From the Guidelines
There is no specific goal creatinine level for patients with end-stage renal disease (ESRD) on dialysis. Unlike in earlier stages of kidney disease, creatinine levels in dialysis patients typically remain elevated between dialysis sessions and fluctuate based on the dialysis schedule. For hemodialysis patients, creatinine levels are highest just before a dialysis session and lowest immediately after. Rather than targeting a specific creatinine value, dialysis adequacy is assessed using other measures such as Kt/V (which quantifies dialysis dose), urea reduction ratio, and clinical parameters like fluid status, electrolyte balance, and symptom control.
Key Considerations
- The minimally adequate dose of HD given 3 times per week to patients with Kr less than 2 mL/min/1.73 m2 should be an spKt/V (excluding RKF) of 1.2 per dialysis, or a URR of 65% for treatment times less than 5 hours 1.
- The target dose for HD given 3 times per week with Kr less than 2 mL/min/1.73 m2 should be an spKt/V of 1.4 per dialysis not including RKF, or URR of 70% 1. Healthcare providers focus on achieving adequate clearance of waste products through appropriate dialysis prescription, managing complications of ESRD, and monitoring for residual kidney function. The elevated creatinine in dialysis patients reflects their underlying kidney failure rather than serving as a treatment target, and successful dialysis management is determined by overall clinical status rather than by normalizing creatinine levels.
Clinical Parameters
- Fluid status
- Electrolyte balance
- Symptom control are important in assessing dialysis adequacy, rather than relying solely on creatinine levels.
From the Research
Goal Creatinine for ESRD on Dialysis
- There is no specific goal creatinine value for patients with End-Stage Renal Disease (ESRD) on dialysis, as creatinine levels are influenced by various factors such as muscle mass, age, and sex 2.

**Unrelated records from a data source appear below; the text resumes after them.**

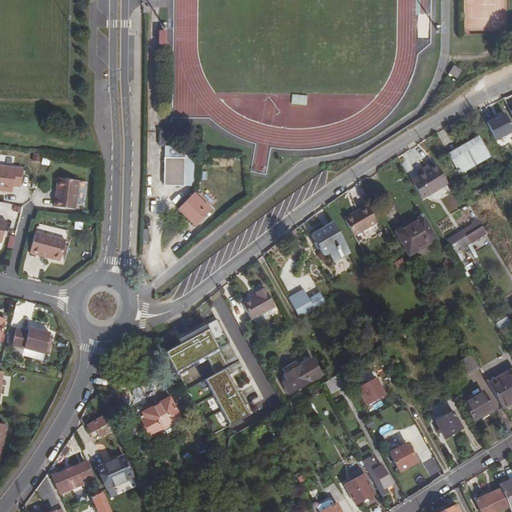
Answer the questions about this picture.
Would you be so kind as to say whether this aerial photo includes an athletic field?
Yes
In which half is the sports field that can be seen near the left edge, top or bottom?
top
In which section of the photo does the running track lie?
top
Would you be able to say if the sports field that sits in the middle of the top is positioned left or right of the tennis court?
left
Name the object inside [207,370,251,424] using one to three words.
building
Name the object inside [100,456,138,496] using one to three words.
house
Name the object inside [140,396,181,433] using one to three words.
house
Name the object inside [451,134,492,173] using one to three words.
barn
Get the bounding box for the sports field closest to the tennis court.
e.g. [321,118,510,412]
[198,0,398,92]
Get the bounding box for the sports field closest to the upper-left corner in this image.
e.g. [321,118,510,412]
[0,0,68,98]
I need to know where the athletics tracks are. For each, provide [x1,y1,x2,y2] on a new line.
[174,0,430,173]
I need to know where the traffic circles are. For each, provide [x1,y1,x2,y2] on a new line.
[36,256,172,355]
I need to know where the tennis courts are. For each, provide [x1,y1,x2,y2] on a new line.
[464,0,507,32]
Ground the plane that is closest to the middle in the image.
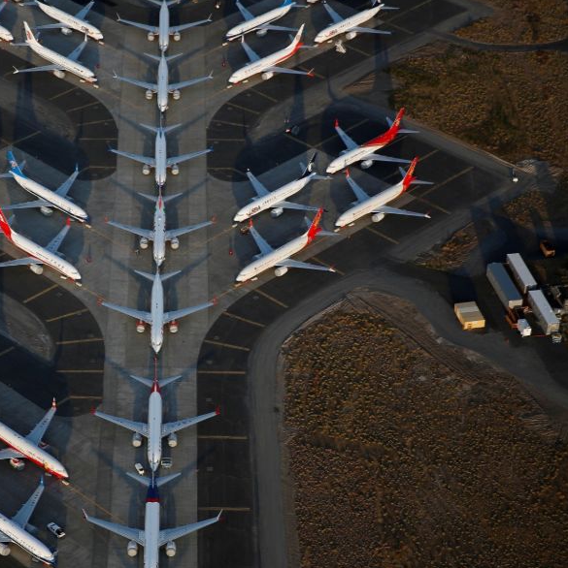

- Creatinine values can be used as a surrogate for time in the course of renal failure when dialysis commences, but they are not a significant predictor of mortality in incident patients with ESRD 2.
- The decision to initiate dialysis should not be based solely on estimated Glomerular Filtration Rate (eGFR) or creatinine levels, but rather on the assessment of patients' symptoms and signs 3.
- For patients with ESRD, the focus should be on managing complications such as hyperkalemia, hypervolemia, metabolic acidosis, anemia, mineral and bone disorders, and protein-calorie malnutrition, rather than achieving a specific goal creatinine value 4, 5.
- The use of total effluent (PD, RRF, and HD) sampling method to yield Kt/Vef and creatinine clearance (CCref) can help accurately track dialysis dose, but this is not directly related to a goal creatinine value 6.